Components have a 95% probability of getting detected and typed when a correctly oriented board is presented, whether or not the board is correctly typed. There is a 2.5% probability of not detecting a component, and a 2.5% probability of wrongly typing a component.

The above parameters are derived from our experience with a camera-based feature detection with Mask R-CNN (“Mask R-CNN”, K. He, G. Gkioxari, P. Doller and R. Girshick, 2017 IEEE International Conference on Computer Vision (ICCV), 2017, pp. 2980-2988) on boards moving on a conveyor belt. Mask R-CNN was trained on board and component annotations. Python was used as programming language and TensorFlow, Keras and imgaug to create and train the neural network. Pre- and post-processing of the images and results was performed with a combination of the following packages: sci-kit image, PILLOW, sci-kit learn, scipy, numpy. Pre-processing steps consist of resizing the image and normalizing the color channels. Post-processing steps are image stitching and “non-maximum suppression” to count boards and components only once.

FIGS. 1 and 2 provide a typical example of the picture recorded by the camera. Boards occasionally overlap and may be seen upside down half of the time. The machine learning model mask R-CNN was used to detect the type, orientation and mask of a board and component. The mask of the boards and components are used to link them to each other. Metadata can be added, such as broken or partially covered boards, board color, area, etc.

Regression Model

The fitting/training process is performed on the simulated batches. For each board and for each component, a feature vector is derived. The feature vectors are aggregated over the full batch and this aggregated vector is used in a regression model aiming at predicting the noble metal content of that batch. A linear regression model is fitted using the methods of least squares, Lasso, and ridge penalization. The Lasso regression was slightly better than the Ridge regression and outperformed the least squares method with an increasing number of training batches. The least squares method is sensitive to the existing cross correlations in the dataset.

Results

Using this scheme, it is shown in FIG. 3 that a meaningful prediction of the noble metal content can be achieved after training on about 30 batches. This is remarkably fast in view of the many different boards and components involved. It is believed that this efficiency is due to cross-correlations existing between the board types and the components mounted on them. Such cross-correlations are implied by the statistics used when creating the synthetic batches. These same cross-correlations are believed to be present in industrial reality.

The accuracy of the noble metal prediction is shown in FIG. 4. This result is more than adequate for the purpose of providing an early feedback on the material composition to the supplier of the batch, resulting e.g. in a faster payout, or for planning the further processing of the materials without having to await the results of a precise chemical assay.

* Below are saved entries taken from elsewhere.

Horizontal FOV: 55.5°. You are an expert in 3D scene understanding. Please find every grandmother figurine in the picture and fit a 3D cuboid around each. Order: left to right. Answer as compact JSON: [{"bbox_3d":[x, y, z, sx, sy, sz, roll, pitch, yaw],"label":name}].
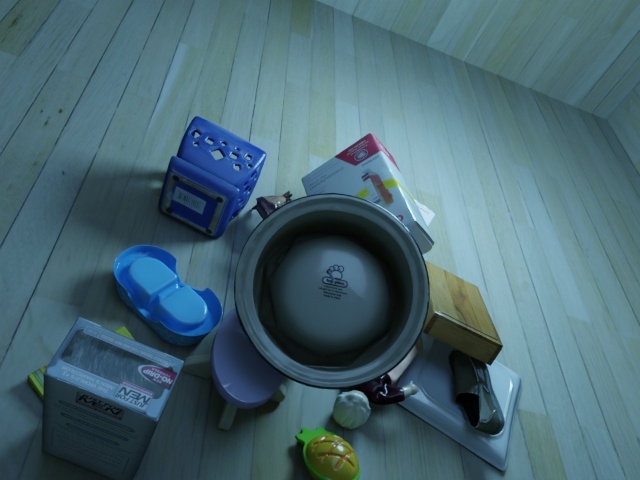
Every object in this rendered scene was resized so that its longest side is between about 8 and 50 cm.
[{"bbox_3d":[0.148,0.353,1.561,0.208,0.104,0.342,14,35,32],"label":"grandmother figurine"}]

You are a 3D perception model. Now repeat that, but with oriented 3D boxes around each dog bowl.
[{"bbox_3d":[-0.378,0.139,1.483,0.297,0.074,0.166,39,41,12],"label":"dog bowl"},{"bbox_3d":[0.020,0.113,1.316,0.408,0.150,0.408,1,76,-5],"label":"dog bowl"}]

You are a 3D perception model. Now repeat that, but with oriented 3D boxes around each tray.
[{"bbox_3d":[0.386,0.191,1.765,0.203,0.076,0.411,26,19,-4],"label":"tray"}]

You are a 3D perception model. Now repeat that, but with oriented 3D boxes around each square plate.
[{"bbox_3d":[0.401,0.403,1.692,0.347,0.049,0.344,32,40,3],"label":"square plate"}]

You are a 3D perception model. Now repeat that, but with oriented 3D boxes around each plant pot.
[{"bbox_3d":[-0.317,-0.164,1.714,0.236,0.236,0.212,27,46,-4],"label":"plant pot"}]

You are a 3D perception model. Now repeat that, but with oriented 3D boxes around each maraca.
[{"bbox_3d":[0.016,0.478,1.356,0.127,0.099,0.185,10,18,-30],"label":"maraca"}]

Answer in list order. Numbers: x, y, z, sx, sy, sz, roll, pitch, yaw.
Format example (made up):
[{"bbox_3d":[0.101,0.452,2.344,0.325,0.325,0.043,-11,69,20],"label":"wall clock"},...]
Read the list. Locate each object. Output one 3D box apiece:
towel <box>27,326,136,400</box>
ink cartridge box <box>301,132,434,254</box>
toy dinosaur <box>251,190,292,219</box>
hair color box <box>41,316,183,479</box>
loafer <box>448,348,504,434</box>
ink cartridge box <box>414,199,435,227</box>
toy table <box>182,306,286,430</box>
[{"bbox_3d":[-0.497,0.276,1.316,0.102,0.021,0.237,48,42,12],"label":"towel"},{"bbox_3d":[0.136,-0.092,1.840,0.160,0.279,0.385,41,23,-49],"label":"ink cartridge box"},{"bbox_3d":[-0.122,-0.070,1.744,0.295,0.127,0.200,33,20,34],"label":"toy dinosaur"},{"bbox_3d":[-0.378,0.300,1.077,0.185,0.374,0.114,25,49,-6],"label":"hair color box"},{"bbox_3d":[0.396,0.385,1.596,0.087,0.094,0.251,6,46,-31],"label":"loafer"},{"bbox_3d":[0.258,-0.048,2.026,0.172,0.100,0.237,34,41,4],"label":"ink cartridge box"},{"bbox_3d":[-0.178,0.286,1.383,0.252,0.161,0.274,28,40,-2],"label":"toy table"}]

Once such a system is actually exploited, the training database can easily be completed with the actual data of each batch, thus strengthening the correlation between feature vectors and chemical assays. A self-learning system is then obtained, without the need for any additional expenses or efforts other than running the fitting or training algorithm of the regression model regularly.

This achievement is particularly relevant, as a major e-waste recycler may handle several batches per day.